### EXERCISE OBJECTIVE
Check every line of the entries that follow, and copy the ones containing "Numbers".

(DATASET ENTRIES begins)

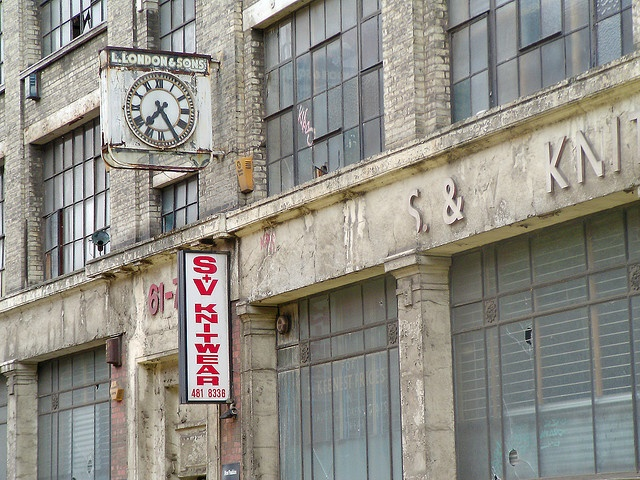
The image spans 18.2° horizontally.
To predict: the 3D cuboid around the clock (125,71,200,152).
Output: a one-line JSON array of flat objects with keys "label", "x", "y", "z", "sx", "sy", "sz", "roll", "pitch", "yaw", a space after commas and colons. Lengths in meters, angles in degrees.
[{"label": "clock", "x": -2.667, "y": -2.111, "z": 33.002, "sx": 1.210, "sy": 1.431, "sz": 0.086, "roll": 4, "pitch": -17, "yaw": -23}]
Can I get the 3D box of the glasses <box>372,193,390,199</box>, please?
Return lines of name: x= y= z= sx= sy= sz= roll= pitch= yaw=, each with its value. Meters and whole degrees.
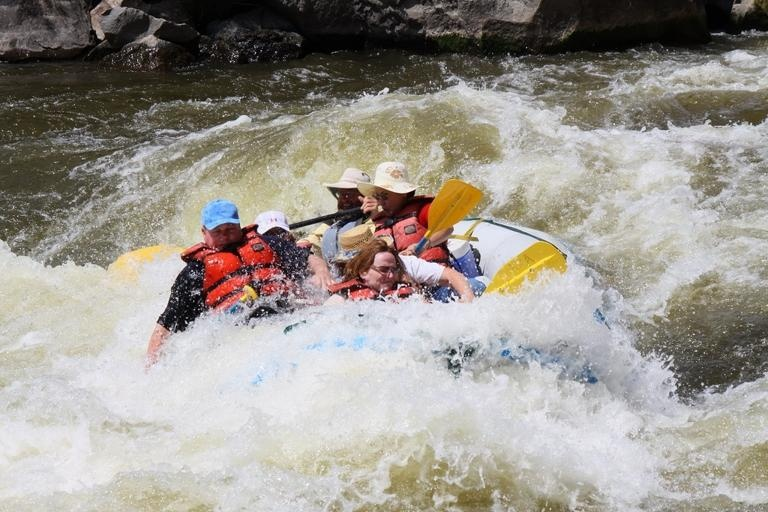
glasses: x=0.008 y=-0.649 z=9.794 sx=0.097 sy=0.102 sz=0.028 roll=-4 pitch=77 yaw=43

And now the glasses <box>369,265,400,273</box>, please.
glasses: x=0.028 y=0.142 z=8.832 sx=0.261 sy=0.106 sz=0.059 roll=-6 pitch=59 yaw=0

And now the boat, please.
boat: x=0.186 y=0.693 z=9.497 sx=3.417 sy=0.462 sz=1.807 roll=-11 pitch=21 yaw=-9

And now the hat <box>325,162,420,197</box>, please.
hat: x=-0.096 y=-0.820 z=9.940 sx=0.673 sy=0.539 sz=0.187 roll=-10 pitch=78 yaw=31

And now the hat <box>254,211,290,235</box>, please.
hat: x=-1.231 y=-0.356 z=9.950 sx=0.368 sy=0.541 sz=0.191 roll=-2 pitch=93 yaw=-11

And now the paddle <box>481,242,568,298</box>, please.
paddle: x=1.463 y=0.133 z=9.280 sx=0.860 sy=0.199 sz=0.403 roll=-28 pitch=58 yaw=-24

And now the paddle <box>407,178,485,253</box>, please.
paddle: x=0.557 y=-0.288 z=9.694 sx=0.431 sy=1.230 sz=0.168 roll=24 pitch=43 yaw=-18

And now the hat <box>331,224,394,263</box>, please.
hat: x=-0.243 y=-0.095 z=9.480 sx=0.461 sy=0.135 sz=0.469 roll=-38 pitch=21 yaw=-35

(DATASET ENTRIES ends)
(DATASET ENTRIES begins)

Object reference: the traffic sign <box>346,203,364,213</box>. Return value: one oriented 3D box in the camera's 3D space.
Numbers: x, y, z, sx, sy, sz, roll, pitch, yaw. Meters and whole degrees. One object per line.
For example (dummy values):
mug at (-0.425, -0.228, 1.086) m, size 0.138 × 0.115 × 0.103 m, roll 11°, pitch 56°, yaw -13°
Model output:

(DATASET ENTRIES ends)
(DATASET ENTRIES begins)

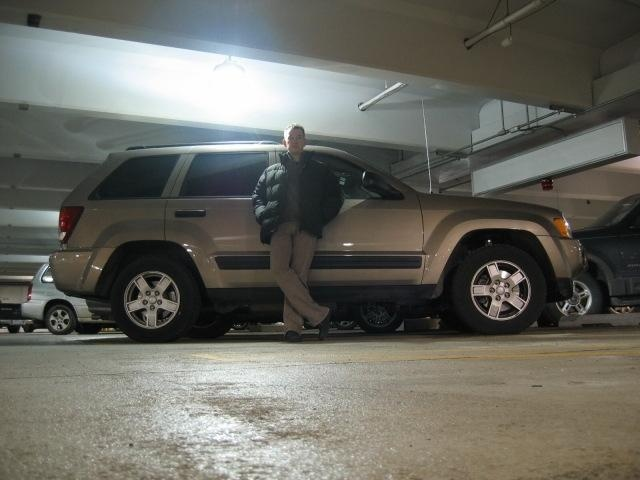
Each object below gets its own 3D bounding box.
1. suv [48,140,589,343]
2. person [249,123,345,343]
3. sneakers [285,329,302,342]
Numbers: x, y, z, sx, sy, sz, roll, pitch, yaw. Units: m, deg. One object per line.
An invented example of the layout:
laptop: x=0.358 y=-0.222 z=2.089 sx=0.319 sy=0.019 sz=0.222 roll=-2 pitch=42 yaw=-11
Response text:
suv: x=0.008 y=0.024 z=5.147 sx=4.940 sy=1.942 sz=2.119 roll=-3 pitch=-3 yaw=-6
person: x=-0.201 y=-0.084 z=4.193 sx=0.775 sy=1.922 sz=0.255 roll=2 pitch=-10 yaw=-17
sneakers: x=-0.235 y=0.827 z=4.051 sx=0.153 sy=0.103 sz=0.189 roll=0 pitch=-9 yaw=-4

(DATASET ENTRIES ends)

### FINISHED EXERCISE
Numbers: x, y, z, sx, sy, sz, roll, pitch, yaw. Meters and whole degrees. One object per line.
Numbers: x, y, z, sx, sy, sz, roll, pitch, yaw. Units: m, deg. One object per line.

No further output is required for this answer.